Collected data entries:
/---

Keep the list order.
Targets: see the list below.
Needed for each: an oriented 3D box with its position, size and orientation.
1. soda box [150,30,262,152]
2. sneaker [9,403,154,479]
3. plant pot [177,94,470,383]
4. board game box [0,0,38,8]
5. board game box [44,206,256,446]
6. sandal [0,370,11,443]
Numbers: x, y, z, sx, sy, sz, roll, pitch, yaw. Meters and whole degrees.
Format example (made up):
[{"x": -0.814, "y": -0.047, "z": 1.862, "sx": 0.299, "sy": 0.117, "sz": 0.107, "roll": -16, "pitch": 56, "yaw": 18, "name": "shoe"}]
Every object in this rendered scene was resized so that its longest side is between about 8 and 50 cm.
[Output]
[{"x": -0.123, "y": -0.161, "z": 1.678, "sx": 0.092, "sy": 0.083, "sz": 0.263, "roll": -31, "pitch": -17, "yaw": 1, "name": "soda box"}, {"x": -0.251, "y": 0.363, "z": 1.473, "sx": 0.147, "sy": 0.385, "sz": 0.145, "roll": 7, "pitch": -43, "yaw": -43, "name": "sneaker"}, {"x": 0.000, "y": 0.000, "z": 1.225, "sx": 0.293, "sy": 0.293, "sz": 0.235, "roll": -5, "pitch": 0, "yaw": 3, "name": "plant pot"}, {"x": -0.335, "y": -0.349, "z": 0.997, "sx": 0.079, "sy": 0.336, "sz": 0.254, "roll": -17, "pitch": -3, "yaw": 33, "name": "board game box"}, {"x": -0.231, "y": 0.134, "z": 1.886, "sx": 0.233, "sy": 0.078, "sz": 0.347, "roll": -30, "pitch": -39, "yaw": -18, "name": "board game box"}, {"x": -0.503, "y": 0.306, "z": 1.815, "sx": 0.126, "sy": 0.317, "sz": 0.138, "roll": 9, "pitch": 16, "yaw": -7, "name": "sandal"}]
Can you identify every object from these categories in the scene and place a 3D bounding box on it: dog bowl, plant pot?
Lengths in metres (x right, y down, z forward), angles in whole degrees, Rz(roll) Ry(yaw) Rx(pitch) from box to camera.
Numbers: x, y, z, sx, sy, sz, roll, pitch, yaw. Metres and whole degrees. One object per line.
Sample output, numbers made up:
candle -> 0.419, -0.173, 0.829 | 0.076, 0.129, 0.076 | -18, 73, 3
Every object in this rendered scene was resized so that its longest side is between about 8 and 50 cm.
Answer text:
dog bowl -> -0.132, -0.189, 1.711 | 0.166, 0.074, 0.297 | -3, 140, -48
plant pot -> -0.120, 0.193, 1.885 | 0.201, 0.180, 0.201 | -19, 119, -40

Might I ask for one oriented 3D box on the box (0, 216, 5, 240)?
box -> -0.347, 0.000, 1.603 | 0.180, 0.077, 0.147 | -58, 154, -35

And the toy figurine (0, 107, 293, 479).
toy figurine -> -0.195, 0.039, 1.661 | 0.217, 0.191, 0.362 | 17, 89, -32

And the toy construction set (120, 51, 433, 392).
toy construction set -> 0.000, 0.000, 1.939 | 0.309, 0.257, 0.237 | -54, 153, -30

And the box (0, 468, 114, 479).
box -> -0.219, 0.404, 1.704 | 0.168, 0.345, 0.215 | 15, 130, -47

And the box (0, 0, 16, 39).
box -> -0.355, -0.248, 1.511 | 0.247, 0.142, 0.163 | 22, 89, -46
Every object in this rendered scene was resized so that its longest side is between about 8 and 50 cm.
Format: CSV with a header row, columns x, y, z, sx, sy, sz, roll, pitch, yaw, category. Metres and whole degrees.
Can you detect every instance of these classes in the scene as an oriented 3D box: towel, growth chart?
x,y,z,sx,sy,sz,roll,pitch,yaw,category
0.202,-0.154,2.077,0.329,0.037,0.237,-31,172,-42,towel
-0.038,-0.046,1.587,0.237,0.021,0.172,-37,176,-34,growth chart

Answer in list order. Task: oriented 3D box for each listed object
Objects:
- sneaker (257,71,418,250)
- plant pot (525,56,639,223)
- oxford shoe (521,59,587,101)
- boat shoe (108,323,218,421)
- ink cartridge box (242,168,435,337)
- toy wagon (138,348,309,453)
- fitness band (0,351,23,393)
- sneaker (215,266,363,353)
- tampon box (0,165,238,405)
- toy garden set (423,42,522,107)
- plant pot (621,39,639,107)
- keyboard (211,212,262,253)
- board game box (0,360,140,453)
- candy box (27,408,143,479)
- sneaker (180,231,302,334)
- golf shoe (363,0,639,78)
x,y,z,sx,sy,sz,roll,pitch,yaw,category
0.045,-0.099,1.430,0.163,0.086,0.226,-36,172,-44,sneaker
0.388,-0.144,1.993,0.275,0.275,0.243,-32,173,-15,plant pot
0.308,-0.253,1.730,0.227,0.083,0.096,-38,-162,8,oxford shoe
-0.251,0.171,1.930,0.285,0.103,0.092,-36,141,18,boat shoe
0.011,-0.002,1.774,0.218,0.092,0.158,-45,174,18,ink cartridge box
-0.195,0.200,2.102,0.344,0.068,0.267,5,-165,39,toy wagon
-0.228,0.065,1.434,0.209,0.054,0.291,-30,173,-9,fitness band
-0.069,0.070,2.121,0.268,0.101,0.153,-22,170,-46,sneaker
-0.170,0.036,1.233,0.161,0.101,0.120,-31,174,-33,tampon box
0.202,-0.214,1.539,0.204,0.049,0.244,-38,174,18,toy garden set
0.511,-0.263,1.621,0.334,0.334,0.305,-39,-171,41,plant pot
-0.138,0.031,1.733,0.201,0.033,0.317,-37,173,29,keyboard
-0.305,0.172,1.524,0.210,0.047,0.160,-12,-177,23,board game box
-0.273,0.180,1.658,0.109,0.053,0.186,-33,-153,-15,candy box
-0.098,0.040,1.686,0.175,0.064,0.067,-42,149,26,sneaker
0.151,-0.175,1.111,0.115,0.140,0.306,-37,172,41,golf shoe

\---

» **Exercise directions**
The full set of records above is to be printed exactly as it appears.

» **Solution to the exercise**
Keep the list order.
Targets: see the list below.
Needed for each: an oriented 3D box with its position, size and orientation.
1. soda box [150,30,262,152]
2. sneaker [9,403,154,479]
3. plant pot [177,94,470,383]
4. board game box [0,0,38,8]
5. board game box [44,206,256,446]
6. sandal [0,370,11,443]
Numbers: x, y, z, sx, sy, sz, roll, pitch, yaw. Meters and whole degrees.
Format example (made up):
[{"x": -0.814, "y": -0.047, "z": 1.862, "sx": 0.299, "sy": 0.117, "sz": 0.107, "roll": -16, "pitch": 56, "yaw": 18, "name": "shoe"}]
Every object in this rendered scene was resized so that its longest side is between about 8 and 50 cm.
[Output]
[{"x": -0.123, "y": -0.161, "z": 1.678, "sx": 0.092, "sy": 0.083, "sz": 0.263, "roll": -31, "pitch": -17, "yaw": 1, "name": "soda box"}, {"x": -0.251, "y": 0.363, "z": 1.473, "sx": 0.147, "sy": 0.385, "sz": 0.145, "roll": 7, "pitch": -43, "yaw": -43, "name": "sneaker"}, {"x": 0.000, "y": 0.000, "z": 1.225, "sx": 0.293, "sy": 0.293, "sz": 0.235, "roll": -5, "pitch": 0, "yaw": 3, "name": "plant pot"}, {"x": -0.335, "y": -0.349, "z": 0.997, "sx": 0.079, "sy": 0.336, "sz": 0.254, "roll": -17, "pitch": -3, "yaw": 33, "name": "board game box"}, {"x": -0.231, "y": 0.134, "z": 1.886, "sx": 0.233, "sy": 0.078, "sz": 0.347, "roll": -30, "pitch": -39, "yaw": -18, "name": "board game box"}, {"x": -0.503, "y": 0.306, "z": 1.815, "sx": 0.126, "sy": 0.317, "sz": 0.138, "roll": 9, "pitch": 16, "yaw": -7, "name": "sandal"}]
Can you identify every object from these categories in the scene and place a 3D bounding box on it: dog bowl, plant pot?
Lengths in metres (x right, y down, z forward), angles in whole degrees, Rz(roll) Ry(yaw) Rx(pitch) from box to camera.
Numbers: x, y, z, sx, sy, sz, roll, pitch, yaw. Metres and whole degrees. One object per line.
Sample output, numbers made up:
candle -> 0.419, -0.173, 0.829 | 0.076, 0.129, 0.076 | -18, 73, 3
Every object in this rendered scene was resized so that its longest side is between about 8 and 50 cm.
Answer text:
dog bowl -> -0.132, -0.189, 1.711 | 0.166, 0.074, 0.297 | -3, 140, -48
plant pot -> -0.120, 0.193, 1.885 | 0.201, 0.180, 0.201 | -19, 119, -40

Might I ask for one oriented 3D box on the box (0, 216, 5, 240)?
box -> -0.347, 0.000, 1.603 | 0.180, 0.077, 0.147 | -58, 154, -35

And the toy figurine (0, 107, 293, 479).
toy figurine -> -0.195, 0.039, 1.661 | 0.217, 0.191, 0.362 | 17, 89, -32

And the toy construction set (120, 51, 433, 392).
toy construction set -> 0.000, 0.000, 1.939 | 0.309, 0.257, 0.237 | -54, 153, -30

And the box (0, 468, 114, 479).
box -> -0.219, 0.404, 1.704 | 0.168, 0.345, 0.215 | 15, 130, -47

And the box (0, 0, 16, 39).
box -> -0.355, -0.248, 1.511 | 0.247, 0.142, 0.163 | 22, 89, -46
Every object in this rendered scene was resized so that its longest side is between about 8 and 50 cm.
Format: CSV with a header row, columns x, y, z, sx, sy, sz, roll, pitch, yaw, category. Metres and whole degrees.
Can you detect every instance of these classes in the scene as an oriented 3D box: towel, growth chart?
x,y,z,sx,sy,sz,roll,pitch,yaw,category
0.202,-0.154,2.077,0.329,0.037,0.237,-31,172,-42,towel
-0.038,-0.046,1.587,0.237,0.021,0.172,-37,176,-34,growth chart

Answer in list order. Task: oriented 3D box for each listed object
Objects:
- sneaker (257,71,418,250)
- plant pot (525,56,639,223)
- oxford shoe (521,59,587,101)
- boat shoe (108,323,218,421)
- ink cartridge box (242,168,435,337)
- toy wagon (138,348,309,453)
- fitness band (0,351,23,393)
- sneaker (215,266,363,353)
- tampon box (0,165,238,405)
- toy garden set (423,42,522,107)
- plant pot (621,39,639,107)
- keyboard (211,212,262,253)
- board game box (0,360,140,453)
- candy box (27,408,143,479)
- sneaker (180,231,302,334)
- golf shoe (363,0,639,78)
x,y,z,sx,sy,sz,roll,pitch,yaw,category
0.045,-0.099,1.430,0.163,0.086,0.226,-36,172,-44,sneaker
0.388,-0.144,1.993,0.275,0.275,0.243,-32,173,-15,plant pot
0.308,-0.253,1.730,0.227,0.083,0.096,-38,-162,8,oxford shoe
-0.251,0.171,1.930,0.285,0.103,0.092,-36,141,18,boat shoe
0.011,-0.002,1.774,0.218,0.092,0.158,-45,174,18,ink cartridge box
-0.195,0.200,2.102,0.344,0.068,0.267,5,-165,39,toy wagon
-0.228,0.065,1.434,0.209,0.054,0.291,-30,173,-9,fitness band
-0.069,0.070,2.121,0.268,0.101,0.153,-22,170,-46,sneaker
-0.170,0.036,1.233,0.161,0.101,0.120,-31,174,-33,tampon box
0.202,-0.214,1.539,0.204,0.049,0.244,-38,174,18,toy garden set
0.511,-0.263,1.621,0.334,0.334,0.305,-39,-171,41,plant pot
-0.138,0.031,1.733,0.201,0.033,0.317,-37,173,29,keyboard
-0.305,0.172,1.524,0.210,0.047,0.160,-12,-177,23,board game box
-0.273,0.180,1.658,0.109,0.053,0.186,-33,-153,-15,candy box
-0.098,0.040,1.686,0.175,0.064,0.067,-42,149,26,sneaker
0.151,-0.175,1.111,0.115,0.140,0.306,-37,172,41,golf shoe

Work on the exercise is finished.